REQUIRED ACTION ▸ In your copy, leave out all pictures and reproduce every entry exactly.

(Extracted records)
****************
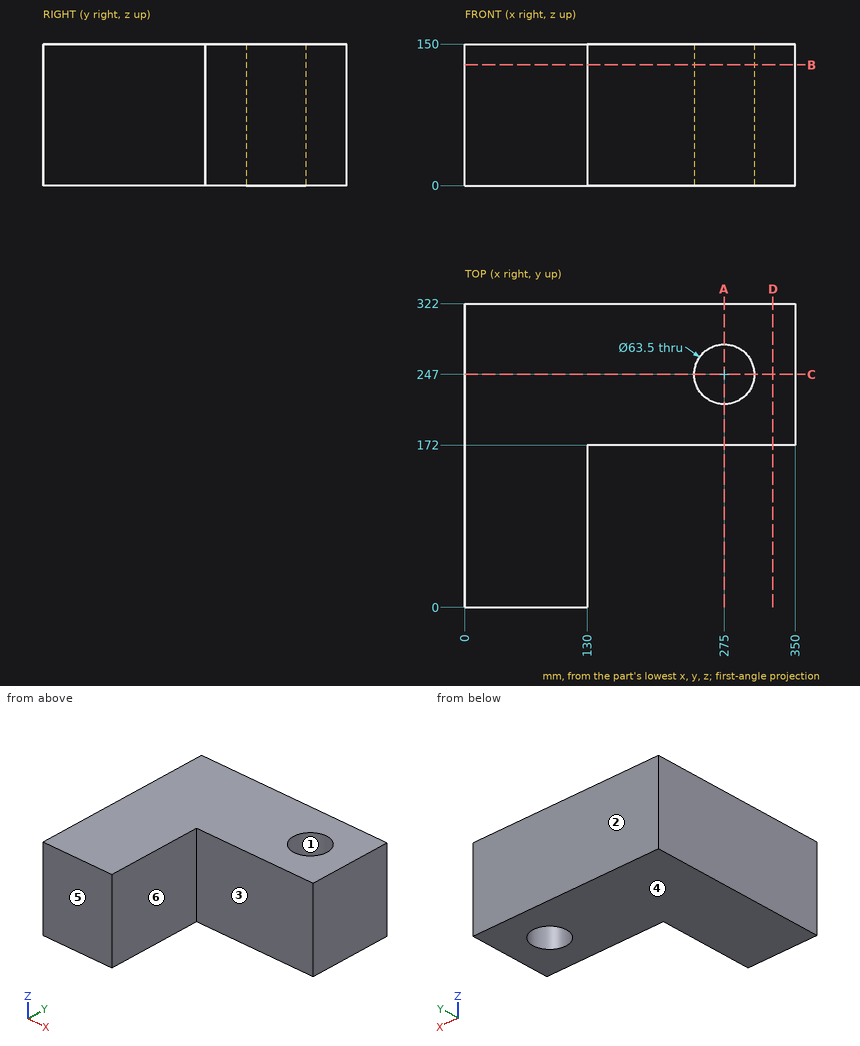
Drawing for the job (mm, zero at the part's lowest x, y, z). A direction names the side the tool comes from. Give positions to 0.01 mm unless a question says otherwise; leave off trailing zeros. Order: outer loops, then holes, each group sorted by start corner. A loop starts at its lowest first (then second) coordinate and runs counter-clockwise, first axis right, second up. Notation, with made-up numbers: (46, -12) - (100, -12) arc R17 cw to (100, 3) - close; hole circle Ø6 at (16.25, 16.25). An arc over 180 degrees is marked (long way). Write item = value, one per line. Start each with the question number.
1. Cut at B-B, the plane z = 128. List the corners of the cut face in (x, y), and give its area (3 significant figures).
2. Cut at C-C, the plane y = 247. List the corners of the cut face in (x, z).
3. Drop flat-ended pins along their axis: P1, Ø3, axis at y = 169, z = 97.5, coming from the +X side; P2, Ø5, axis at y = 273, z = 39.5, coming from the -X side; P3, Ø1.5, axis at x = 207.5, z = 98, coming from the -Y side. Give the stop position or say it passes through.
4. Probe line 1 along X through (y, z) = (247, 103); line 2 along Y through (x, z) = (275, 119); line 3 along X through (y, z) = (23, 87). List the from-to ranges inside material, lowest first.
5. Cut at A-A, the plane x = 275. List the corners of the cut face in (y, z), and give its area (3 significant figures).
6. Two-plate mould, pull along Y, no slides. Class the marked faces 1, 2, 3 and 4: pulls with the +Y half, pulls with the -Y half, needs draft (parallel to the pull), parting line crosses it, or undercut.
7. Which spindle directions (+Z, -Z, +X, -X, +Y, -Y) get a long thin tool onto all of the face, cutting with end or side? Do the marked faces 5 and 6. Say none if no direction does.
8. Cut at D-D, the plane x = 326.5. List the corners of the cut face in (y, z).
Taken from the geometry:
q1.outline = (0, 0) - (130, 0) - (130, 172) - (350, 172) - (350, 322) - (0, 322) - close; hole circle Ø63.5 at (275, 247)
q1.area = 71,700 mm²
q2.outline = (0, 0) - (243.25, 0) - (243.25, 150) - (0, 150) - close; (306.75, 0) - (350, 0) - (350, 150) - (306.75, 150) - close
q3.P1 = 130
q3.P2 = 0
q3.P3 = 172
q4.line_1 = 0 to 243.25, 306.75 to 350
q4.line_2 = 172 to 215.25, 278.75 to 322
q4.line_3 = 0 to 130
q5.outline = (172, 0) - (215.25, 0) - (215.25, 150) - (172, 150) - close; (278.75, 0) - (322, 0) - (322, 150) - (278.75, 150) - close
q5.area = 13,000 mm²
q6.face_1 = undercut
q6.face_2 = pulls with the +Y half
q6.face_3 = pulls with the -Y half
q6.face_4 = needs draft
q7.face_5 = +Z, -Z, +X, -X, -Y
q7.face_6 = +Z, -Z, +X, -Y
q8.outline = (172, 0) - (322, 0) - (322, 150) - (172, 150) - close
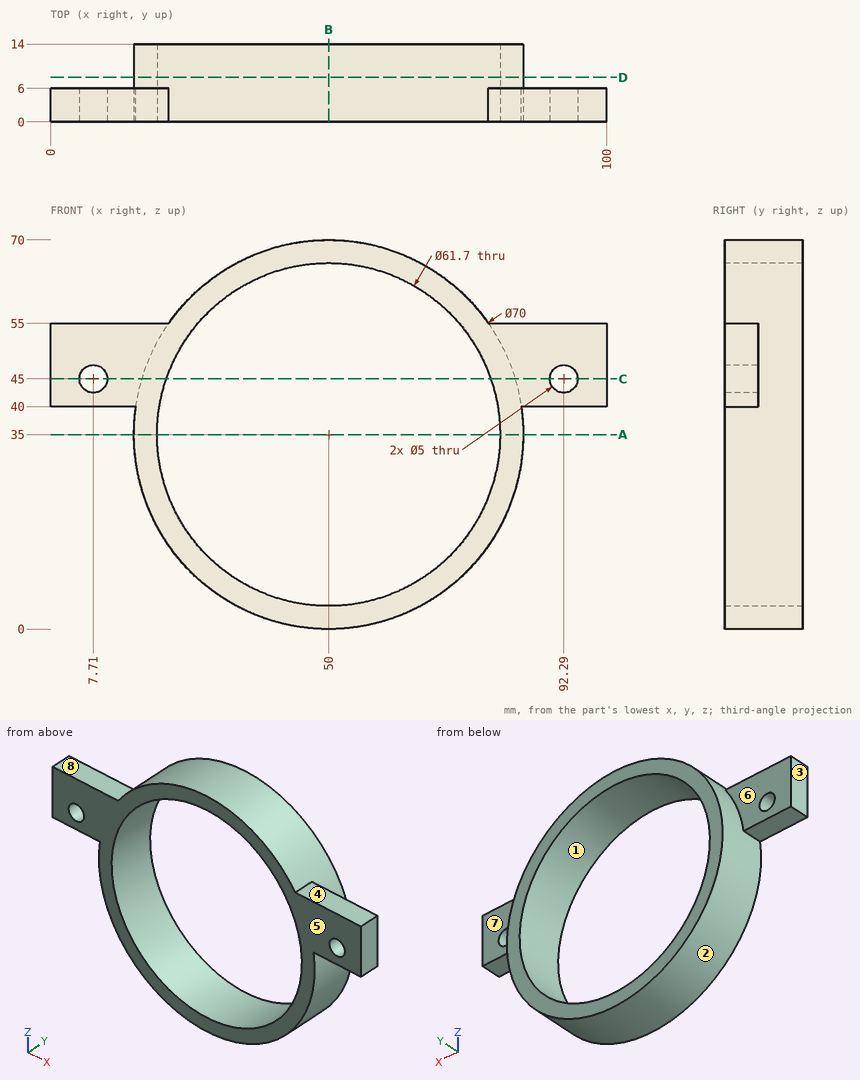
****************
RESULT FOR THIS EXERCISE ▸
Drawing for the job (mm, zero at the part's lowest x, y, z). A direction names the side the tool comes from. Give positions to 0.01 mm unless a question says otherwise; leave off trailing zeros. Order: outer loops, then holes, each group sorted by start corner. A loop starts at its lowest first (then second) coordinate and runs counter-clockwise, first axis right, second up. Notation, with made-up numbers: (46, -12) - (100, -12) arc R17 cw to (100, 3) - close; hole circle Ø6 at (16.25, 16.25). An arc over 180 degrees is marked (long way). Write item = value, one per line. Start each with the question number.
1. Cut at B-B, the plane z = 128. List the corners of the cut face in (x, y), and give its area (3 significant figures).
2. Cut at C-C, the plane y = 247. List the corners of the cut face in (x, z).
3. Drop flat-ended pins along their axis: P1, Ø3, axis at y = 169, z = 97.5, coming from the +X side; P2, Ø5, axis at y = 273, z = 39.5, coming from the -X side; P3, Ø1.5, axis at x = 207.5, z = 98, coming from the -Y side. Give the stop position or say it passes through.
4. Probe line 1 along X through (y, z) = (247, 103); line 2 along Y through (x, z) = (275, 119); line 3 along X through (y, z) = (23, 87). List the from-to ranges inside material, lowest first.
5. Cut at A-A, the plane x = 275. List the corners of the cut face in (y, z), and give its area (3 significant figures).
6. Two-plate mould, pull along Y, no slides. Class the marked faces 1, 2, 3 and 4: pulls with the +Y half, pulls with the -Y half, needs draft (parallel to the pull), parting line crosses it, or undercut.
7. Which spindle directions (+Z, -Z, +X, -X, +Y, -Y) get a long thin tool onto all of the face, cutting with end or side? Do the marked faces 5 and 6. Say none if no direction does.
8. Cut at D-D, the plane x = 326.5. List the corners of the cut face in (y, z).
Taken from the geometry:
q1.outline = (0, 0) - (130, 0) - (130, 172) - (350, 172) - (350, 322) - (0, 322) - close; hole circle Ø63.5 at (275, 247)
q1.area = 71,700 mm²
q2.outline = (0, 0) - (243.25, 0) - (243.25, 150) - (0, 150) - close; (306.75, 0) - (350, 0) - (350, 150) - (306.75, 150) - close
q3.P1 = 130
q3.P2 = 0
q3.P3 = 172
q4.line_1 = 0 to 243.25, 306.75 to 350
q4.line_2 = 172 to 215.25, 278.75 to 322
q4.line_3 = 0 to 130
q5.outline = (172, 0) - (215.25, 0) - (215.25, 150) - (172, 150) - close; (278.75, 0) - (322, 0) - (322, 150) - (278.75, 150) - close
q5.area = 13,000 mm²
q6.face_1 = undercut
q6.face_2 = pulls with the +Y half
q6.face_3 = pulls with the -Y half
q6.face_4 = needs draft
q7.face_5 = +Z, -Z, +X, -X, -Y
q7.face_6 = +Z, -Z, +X, -Y
q8.outline = (172, 0) - (322, 0) - (322, 150) - (172, 150) - close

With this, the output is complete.